- _WHAT TO WORK ON_
Please copy out the entries below exactly, beginning with the line that contains "11) cardboard box <box>522,236,545,303</box>" and ending with the line that contains "24) cardboard box <box>43,246,414,433</box>", and include nothing outside that span.

- _AVAILABLE RECORDS_
_ _ _ _ _

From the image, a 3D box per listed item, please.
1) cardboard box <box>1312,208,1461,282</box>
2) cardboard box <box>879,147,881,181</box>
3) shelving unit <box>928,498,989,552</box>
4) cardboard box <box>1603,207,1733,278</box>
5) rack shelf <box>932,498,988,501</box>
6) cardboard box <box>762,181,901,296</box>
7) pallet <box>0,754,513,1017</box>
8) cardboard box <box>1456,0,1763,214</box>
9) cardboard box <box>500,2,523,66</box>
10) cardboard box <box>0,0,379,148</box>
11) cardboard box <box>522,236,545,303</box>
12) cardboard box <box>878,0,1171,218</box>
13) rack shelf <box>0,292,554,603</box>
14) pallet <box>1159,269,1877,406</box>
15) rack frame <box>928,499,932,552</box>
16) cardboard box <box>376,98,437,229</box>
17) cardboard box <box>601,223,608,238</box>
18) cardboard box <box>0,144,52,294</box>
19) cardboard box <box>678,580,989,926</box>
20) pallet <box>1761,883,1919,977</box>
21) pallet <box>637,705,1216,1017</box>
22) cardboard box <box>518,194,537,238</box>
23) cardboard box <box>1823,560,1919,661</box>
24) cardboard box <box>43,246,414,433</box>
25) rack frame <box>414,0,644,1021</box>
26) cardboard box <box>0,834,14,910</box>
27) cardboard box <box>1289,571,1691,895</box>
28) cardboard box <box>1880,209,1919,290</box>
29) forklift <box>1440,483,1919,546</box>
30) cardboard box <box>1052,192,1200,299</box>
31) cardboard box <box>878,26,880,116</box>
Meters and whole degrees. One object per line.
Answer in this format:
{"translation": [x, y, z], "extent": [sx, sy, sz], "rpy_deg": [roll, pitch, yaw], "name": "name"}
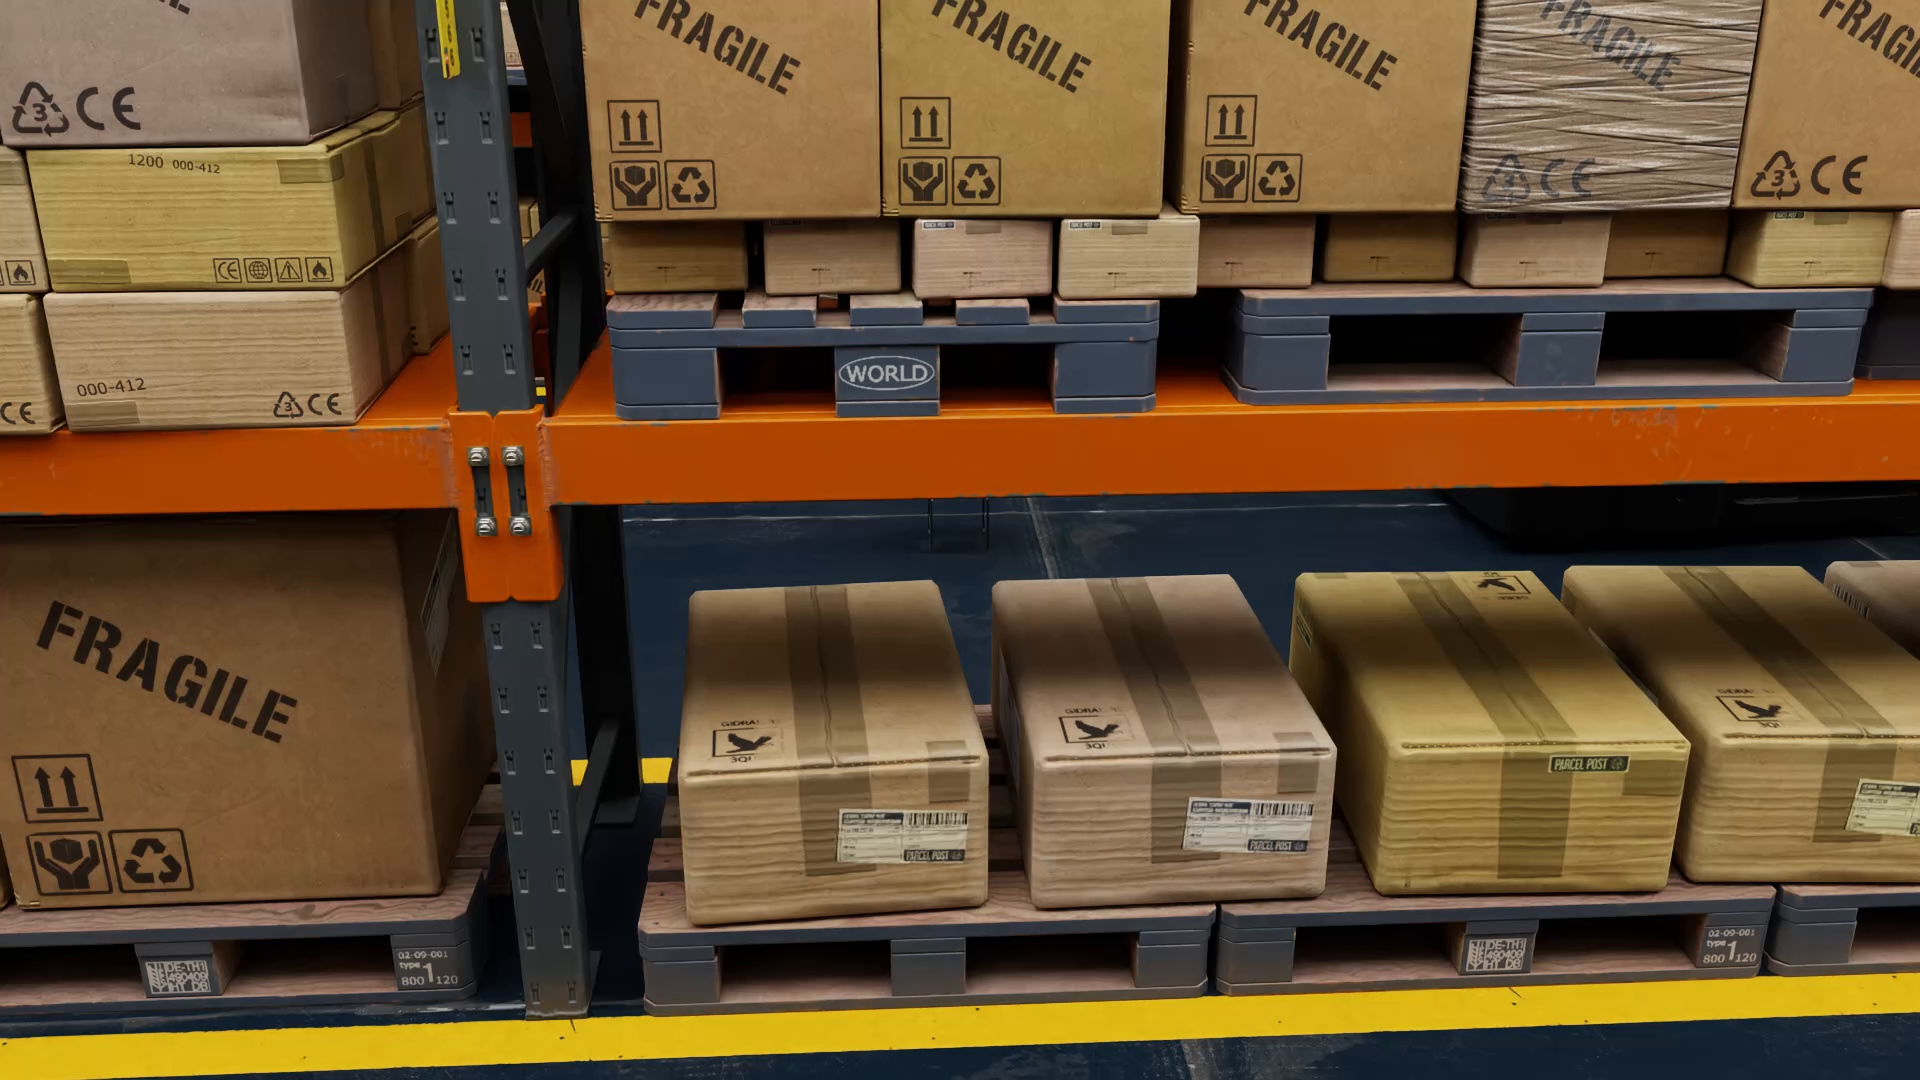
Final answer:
{"translation": [0.813, -0.627, 3.316], "extent": [0.250, 0.149, 0.380], "rpy_deg": [0, 21, -1], "name": "cardboard box"}
{"translation": [-0.296, -0.775, 3.703], "extent": [0.250, 0.149, 0.380], "rpy_deg": [-1, 21, -2], "name": "cardboard box"}
{"translation": [-0.008, -0.420, 5.960], "extent": [0.210, 0.900, 0.258], "rpy_deg": [-1, 21, -3], "name": "shelving unit"}
{"translation": [1.334, -0.642, 3.353], "extent": [0.250, 0.149, 0.380], "rpy_deg": [-2, 21, -5], "name": "cardboard box"}
{"translation": [-0.008, -0.221, 6.036], "extent": [0.200, 0.077, 0.258], "rpy_deg": [-1, 21, -3], "name": "rack shelf"}
{"translation": [-0.254, -0.588, 3.212], "extent": [0.250, 0.149, 0.380], "rpy_deg": [-2, 21, -6], "name": "cardboard box"}
{"translation": [-1.665, 0.718, 3.938], "extent": [1.213, 0.211, 1.003], "rpy_deg": [-1, 21, -3], "name": "pallet"}
{"translation": [1.138, -0.917, 3.165], "extent": [0.500, 0.500, 0.500], "rpy_deg": [-2, 21, -5], "name": "cardboard box"}
{"translation": [-2.195, -2.327, 7.639], "extent": [0.500, 0.250, 0.500], "rpy_deg": [-2, 21, -6], "name": "cardboard box"}
{"translation": [-1.375, -0.985, 2.947], "extent": [0.500, 0.500, 0.500], "rpy_deg": [-2, 21, -5], "name": "cardboard box"}
{"translation": [-2.071, -1.274, 8.175], "extent": [0.500, 0.500, 0.500], "rpy_deg": [-1, 21, -4], "name": "cardboard box"}
{"translation": [0.109, -0.896, 3.111], "extent": [0.500, 0.500, 0.500], "rpy_deg": [0, 21, 0], "name": "cardboard box"}
{"translation": [-2.870, -0.198, 3.435], "extent": [4.000, 0.370, 1.077], "rpy_deg": [-1, 21, -3], "name": "rack shelf"}
{"translation": [1.100, -0.540, 3.592], "extent": [1.213, 0.211, 1.003], "rpy_deg": [-1, 21, -3], "name": "pallet"}
{"translation": [-0.110, -0.418, 5.955], "extent": [0.006, 0.900, 0.240], "rpy_deg": [-1, 21, -3], "name": "rack frame"}
{"translation": [-1.394, -0.815, 3.555], "extent": [0.500, 0.250, 0.500], "rpy_deg": [-1, 21, -3], "name": "cardboard box"}
{"translation": [-1.639, -1.569, 8.037], "extent": [0.250, 0.149, 0.380], "rpy_deg": [-2, 21, -6], "name": "cardboard box"}
{"translation": [-1.854, -0.626, 3.058], "extent": [0.500, 0.250, 0.500], "rpy_deg": [-2, 21, -4], "name": "cardboard box"}
{"translation": [-0.309, 0.449, 3.828], "extent": [0.625, 0.372, 0.950], "rpy_deg": [-3, 21, -7], "name": "cardboard box"}
{"translation": [2.343, 0.664, 4.081], "extent": [1.213, 0.211, 1.003], "rpy_deg": [-1, 21, -3], "name": "pallet"}
{"translation": [-0.093, 0.713, 3.950], "extent": [1.213, 0.211, 1.003], "rpy_deg": [-1, 21, -3], "name": "pallet"}
{"translation": [-2.175, -1.563, 8.021], "extent": [0.250, 0.149, 0.380], "rpy_deg": [-2, 21, -5], "name": "cardboard box"}
{"translation": [2.596, 0.388, 3.990], "extent": [0.625, 0.372, 0.950], "rpy_deg": [-1, 21, -2], "name": "cardboard box"}
{"translation": [-1.364, -0.402, 3.171], "extent": [0.500, 0.250, 0.500], "rpy_deg": [-2, 21, -5], "name": "cardboard box"}
{"translation": [-0.874, -0.574, 3.414], "extent": [0.127, 3.000, 1.000], "rpy_deg": [-1, 21, -3], "name": "rack frame"}
{"translation": [-2.459, 0.223, 3.714], "extent": [0.875, 0.875, 0.875], "rpy_deg": [-1, 21, -2], "name": "cardboard box"}
{"translation": [1.185, 0.418, 3.910], "extent": [0.625, 0.372, 0.950], "rpy_deg": [0, 21, -1], "name": "cardboard box"}
{"translation": [1.848, -0.602, 3.251], "extent": [0.250, 0.149, 0.380], "rpy_deg": [-1, 21, -3], "name": "cardboard box"}
{"translation": [3.355, -1.577, 6.144], "extent": [3.031, 2.935, 1.130], "rpy_deg": [-3, 21, -8], "name": "forklift"}
{"translation": [0.297, -0.575, 3.178], "extent": [0.250, 0.149, 0.380], "rpy_deg": [-1, 21, -3], "name": "cardboard box"}
{"translation": [0.080, -1.079, 3.590], "extent": [0.500, 0.500, 0.500], "rpy_deg": [-1, 21, -4], "name": "cardboard box"}

_ _ _ _ _

- _SOLUTION BELOW_
11) cardboard box <box>522,236,545,303</box>
12) cardboard box <box>878,0,1171,218</box>
13) rack shelf <box>0,292,554,603</box>
14) pallet <box>1159,269,1877,406</box>
15) rack frame <box>928,499,932,552</box>
16) cardboard box <box>376,98,437,229</box>
17) cardboard box <box>601,223,608,238</box>
18) cardboard box <box>0,144,52,294</box>
19) cardboard box <box>678,580,989,926</box>
20) pallet <box>1761,883,1919,977</box>
21) pallet <box>637,705,1216,1017</box>
22) cardboard box <box>518,194,537,238</box>
23) cardboard box <box>1823,560,1919,661</box>
24) cardboard box <box>43,246,414,433</box>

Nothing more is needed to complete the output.